There is merit in spending time that is not adult organised, in activities not goal oriented, in occupations that are not competitive and in unscheduled time alone or in the company of friends. Too much parenting is hyperparenting.

So prevalent is the practice of ferrying offspring by car from one learning context to the next that it has acquired the title hyperparenting. Hyperparenting is parenting that privileges constant activity: intensely competitive sport; simultaneous engagement with diverse skills; additional academic tuition; or endless extra-curricular classes.

Too many activities may thwart that which parents originally set out to achieve and convey negative messages to children whose childhood memories may be of car drives observing the back of their parents' heads.

Hyperparenting may begin at birth with overzealous provision of developmental aids. Hyperparenting may imply to children that they are valued for their achievements more than for themselves and the mentality that only measurably productive time has merit. Since few children can excel equally at everything, there are inevitable experiences of failure and activities for which a child has neither inclination nor ability.

There may be conflict between ballet and karate, calculus and cookery, between football and flower arranging that may strain body and brain with dissonant demands.

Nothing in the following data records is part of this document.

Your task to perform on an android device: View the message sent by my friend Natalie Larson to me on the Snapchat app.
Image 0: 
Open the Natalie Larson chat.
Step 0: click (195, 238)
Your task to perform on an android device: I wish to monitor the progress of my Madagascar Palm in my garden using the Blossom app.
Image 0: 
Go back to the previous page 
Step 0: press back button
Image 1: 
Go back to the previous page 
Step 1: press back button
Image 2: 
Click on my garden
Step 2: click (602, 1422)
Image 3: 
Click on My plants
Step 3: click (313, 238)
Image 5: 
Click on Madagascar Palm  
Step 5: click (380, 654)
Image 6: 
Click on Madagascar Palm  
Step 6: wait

Hyperparenting can overwhelm children educationally, socially and emotionally. Children who are timetabled are unable to structure their time.

Childhood is not for the creation of CVs or wide social networks. Children need time to form good friendships first with a small circle of friends. Being competent with clusters of children may make one socially skilled but emotionally superficial.

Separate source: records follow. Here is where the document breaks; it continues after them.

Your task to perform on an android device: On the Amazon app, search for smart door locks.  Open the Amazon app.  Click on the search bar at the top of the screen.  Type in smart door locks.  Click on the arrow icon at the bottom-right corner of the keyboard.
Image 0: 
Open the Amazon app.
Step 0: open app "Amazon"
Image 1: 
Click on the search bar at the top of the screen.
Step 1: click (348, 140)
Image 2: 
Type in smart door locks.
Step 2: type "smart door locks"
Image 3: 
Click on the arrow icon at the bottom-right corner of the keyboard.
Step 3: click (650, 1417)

The capacities to be still, to amuse oneself, to observe, discover, process and reflect are crucial. They are not taught. They are not contrived. They are allowed. They happen. The child who, in addition to some educational opportunities, has time to "stop and stare", to daydream and to imagine, is truly fortunate.

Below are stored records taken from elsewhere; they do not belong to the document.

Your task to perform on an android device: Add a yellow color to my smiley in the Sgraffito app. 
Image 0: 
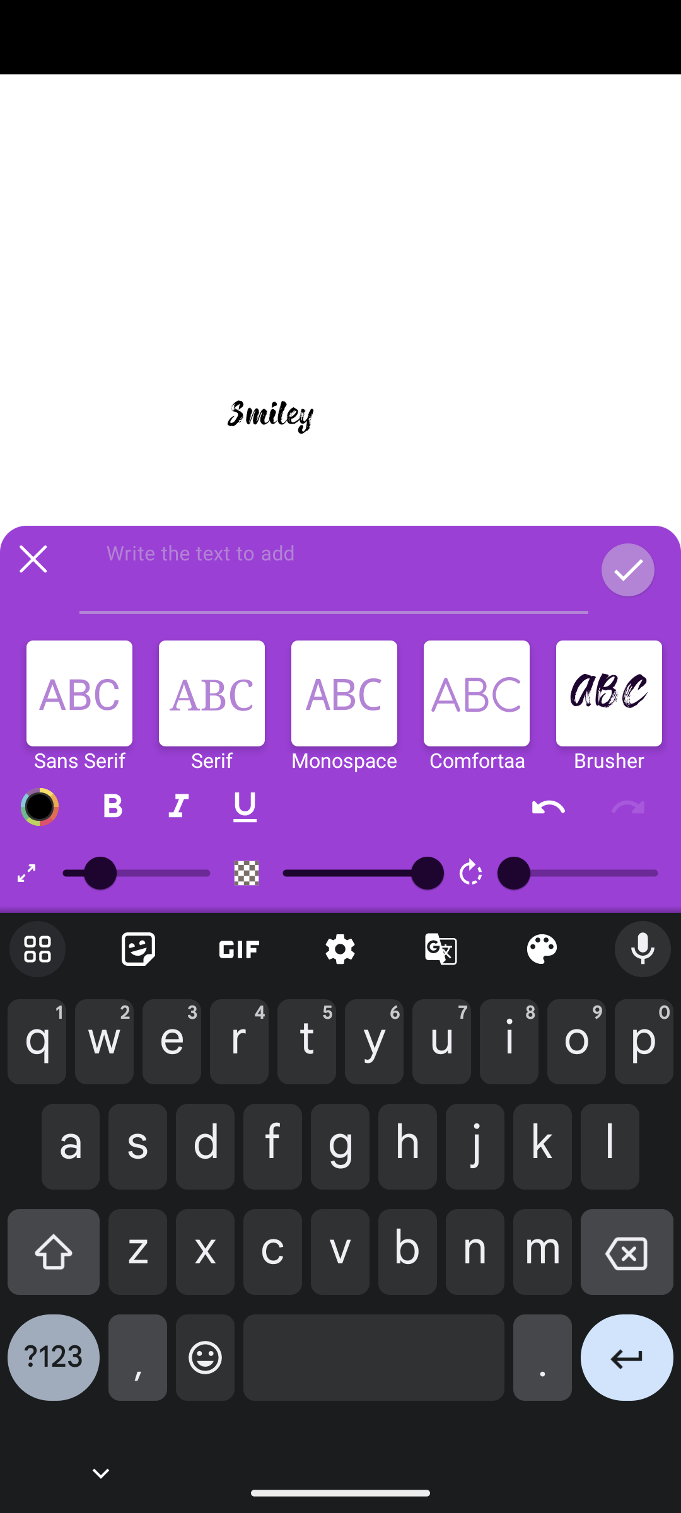
Click on the cross button.
Step 0: click (32, 559)
Image 1: 
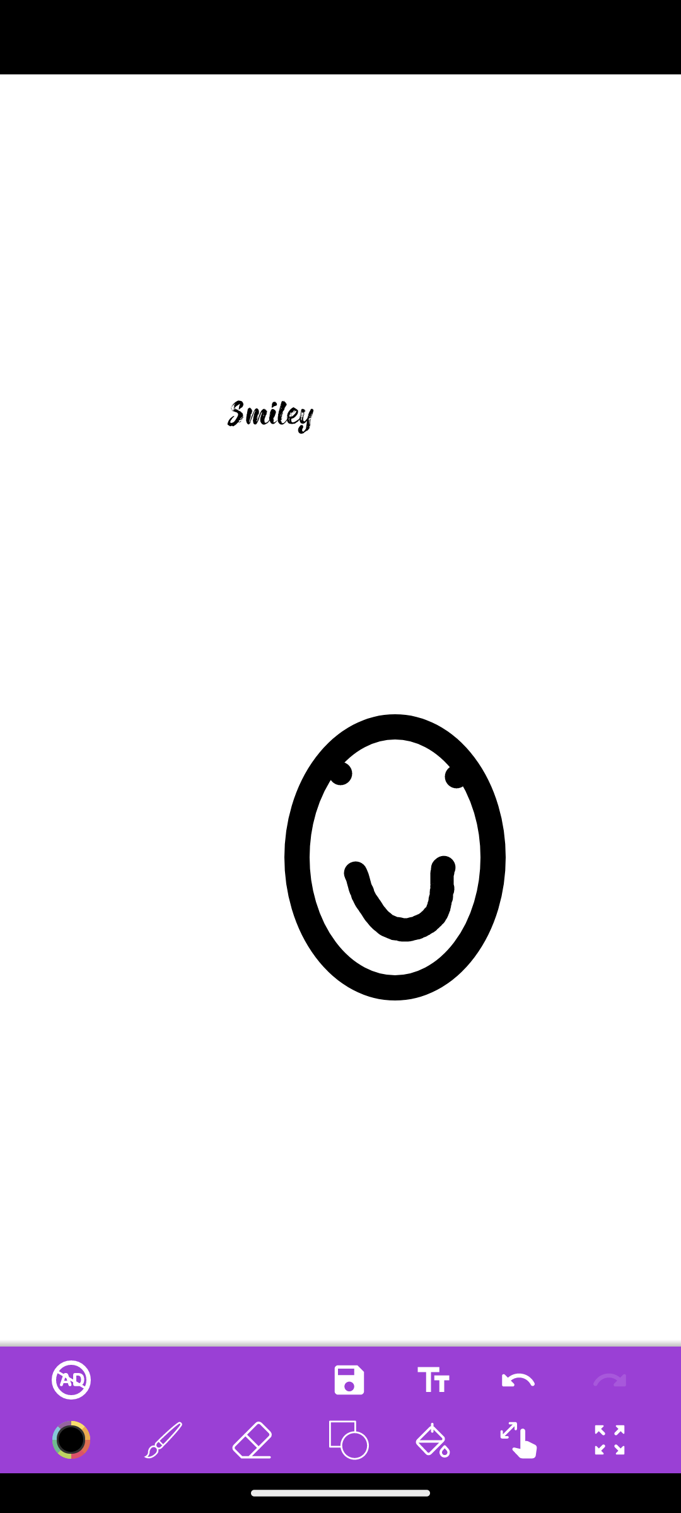
Click on the color bar to select the yellow color.
Step 1: click (70, 1439)
Image 2: 
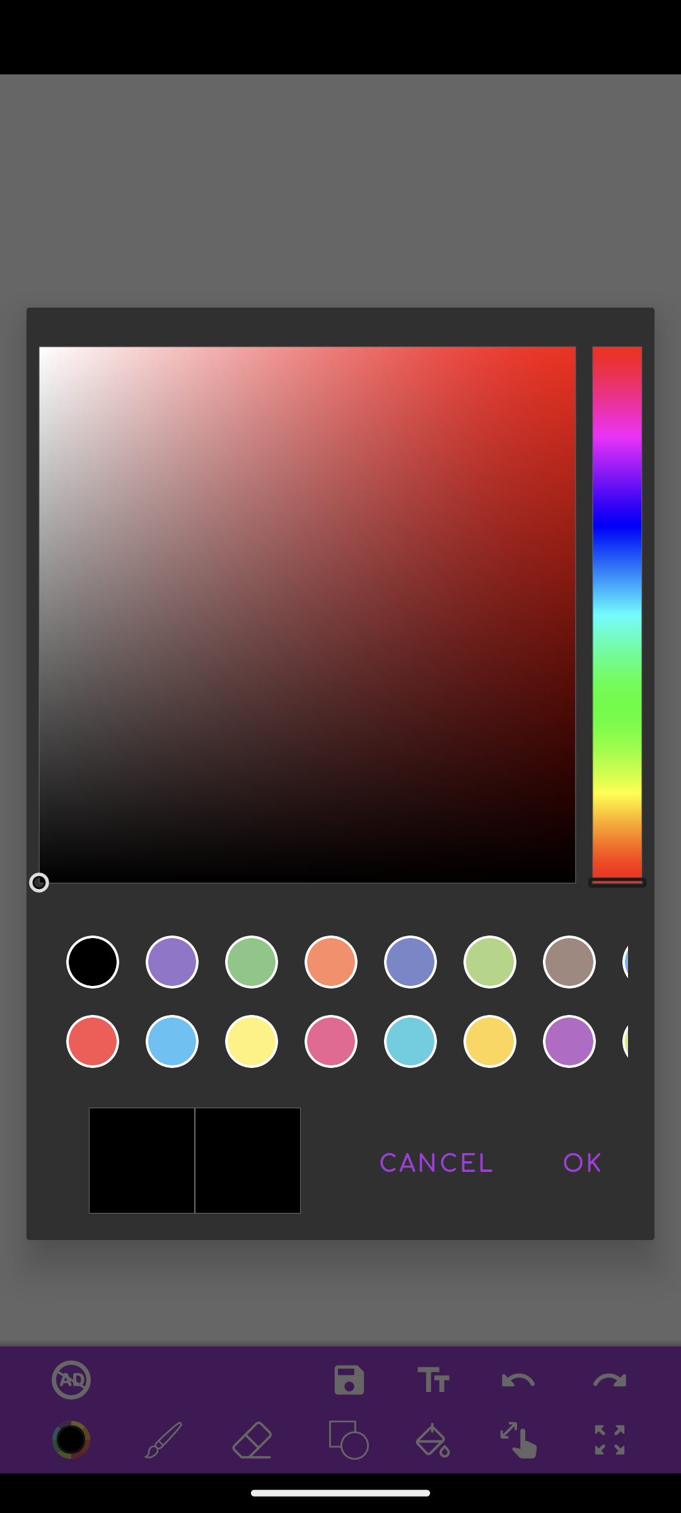
Select the yellow color.
Step 2: click (251, 1041)
Image 3: 
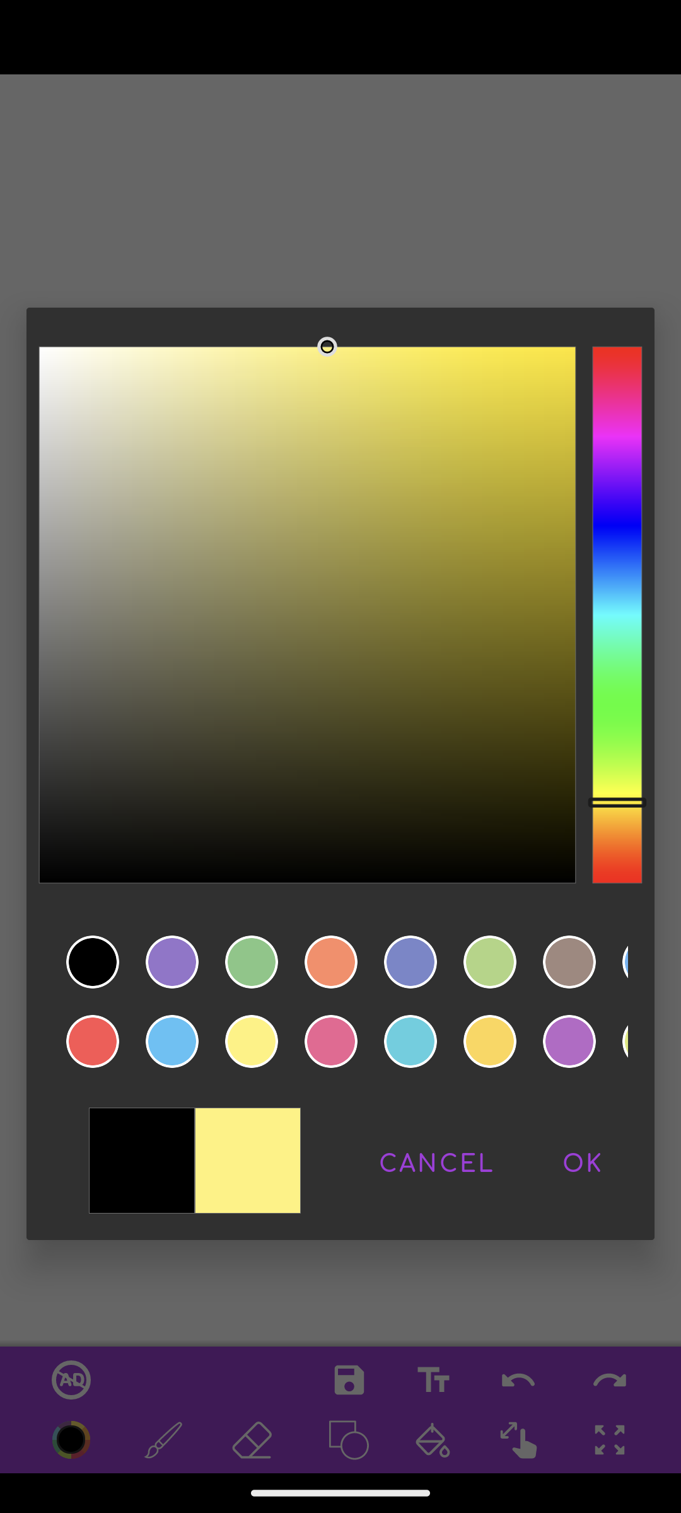
Click on the OK button.
Step 3: click (581, 1161)
Image 4: 
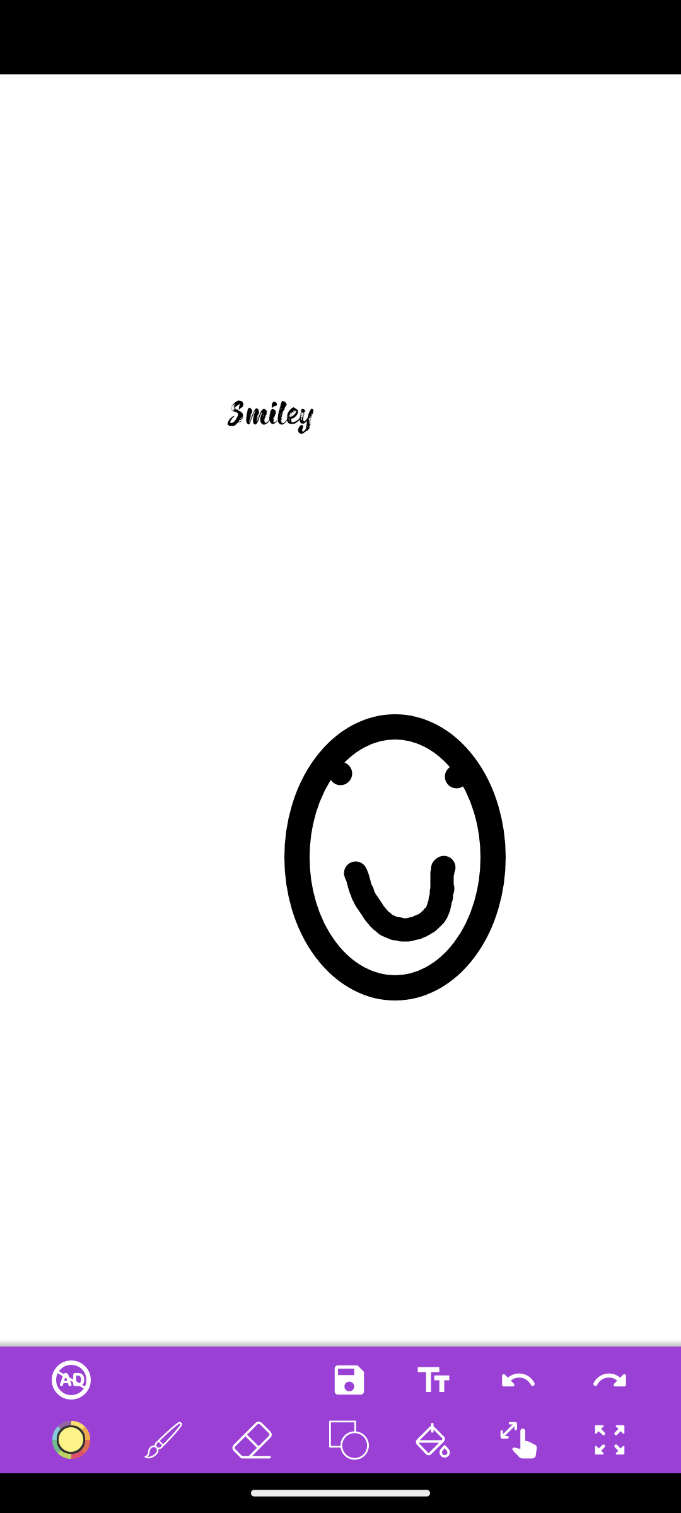
Now select the paint bucket icon.
Step 4: click (433, 1439)
Image 5: 
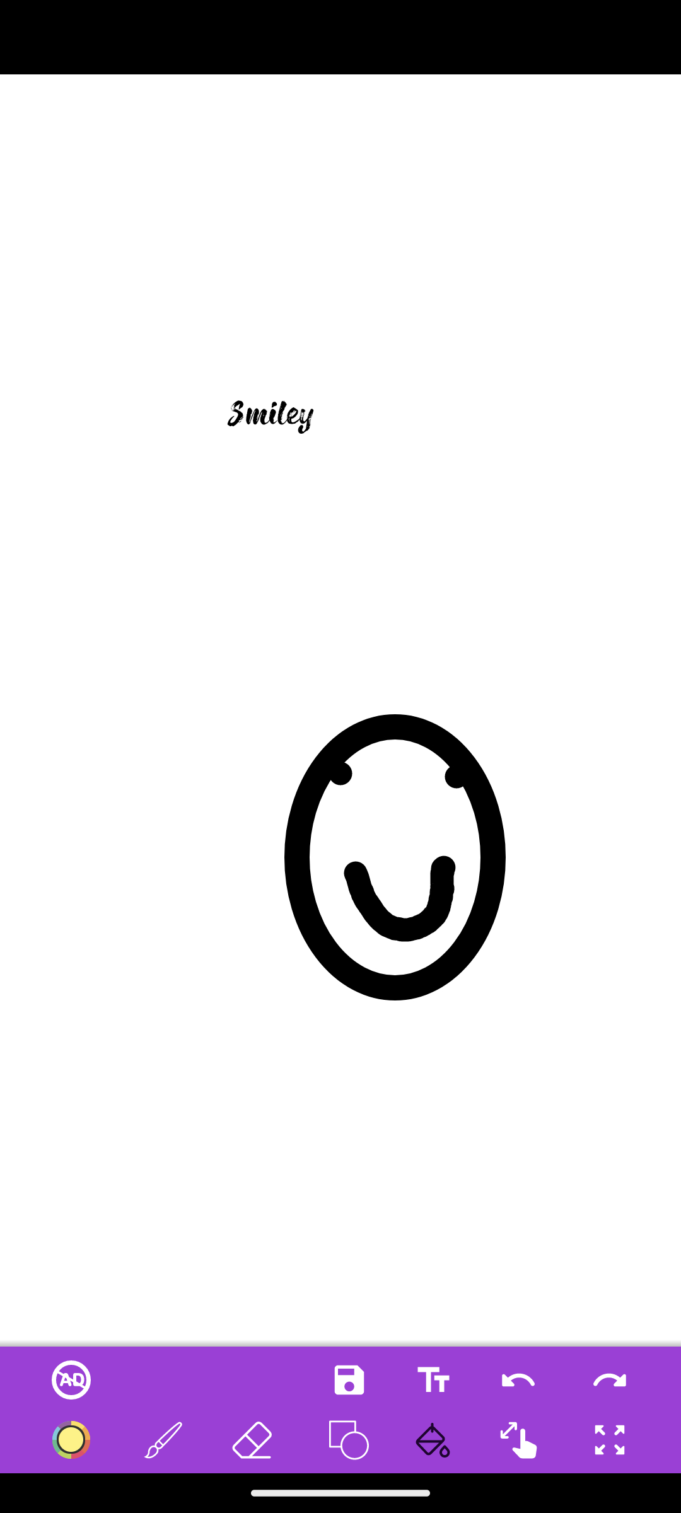
Now tap on the smiley.
Step 5: click (340, 774)
Image 6: 
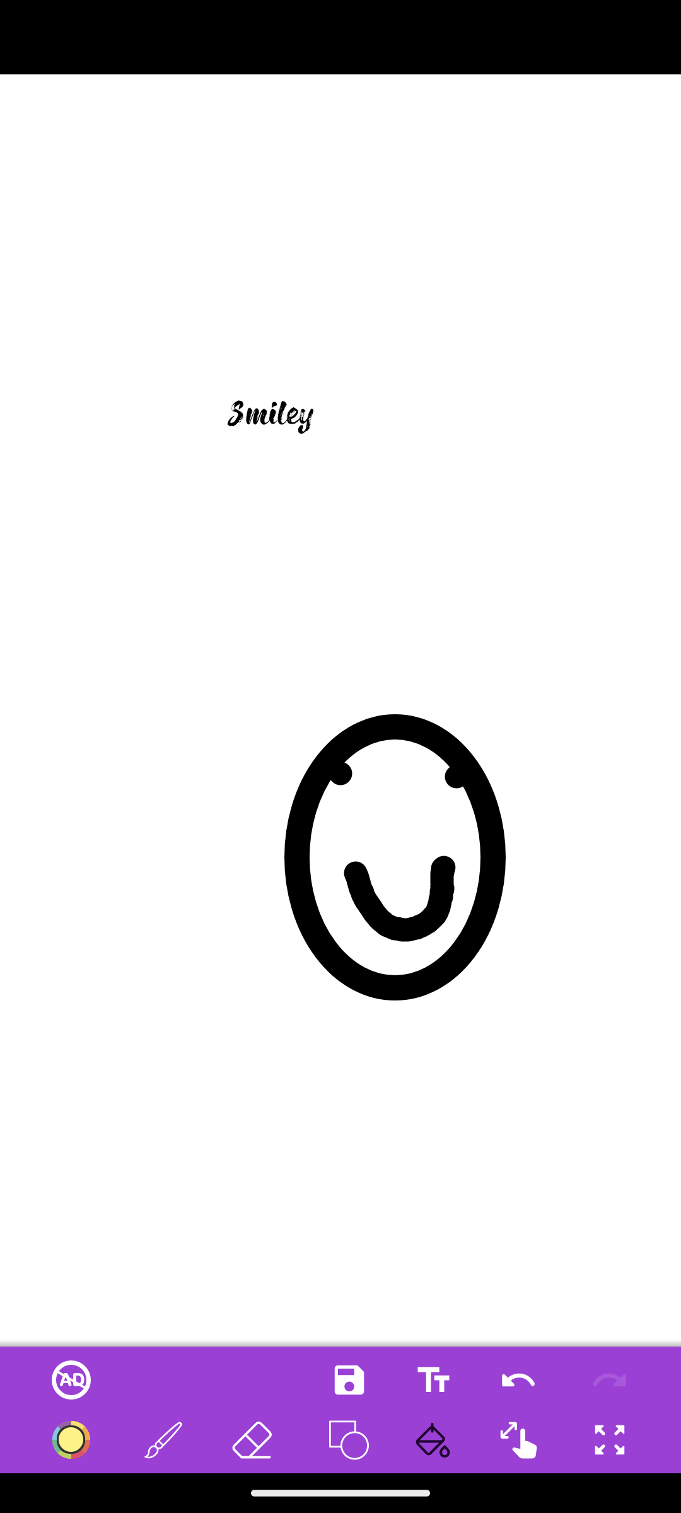
Now tap on the smiley.
Step 6: wait

Moments of invention often occur in solitude. Newton had time to sit under a tree, look up at the sky and down on the earth, time to see an apple fall and to question as it fell down, why that should be. Solutions find space during stress-free times, as Archimedes discovered relaxing in his bath.

Summer schedules can enrich the education of children and there are wonderful activities of which they can avail. But gentle time with a parent is also important and is often what is recalled in adult life.

It is significant that among the memories of poet Seamus Heaney in Clearances is a time he shared as a child with his mother "when all the others were away at Mass" and he was "all hers" as they peeled potatoes. This is the time he recalls at her deathbed as one during which they were "never closer the whole rest of our lives".

Marie Murray is director of psychology at St Vincent's Hospital, Fairview, Dublin.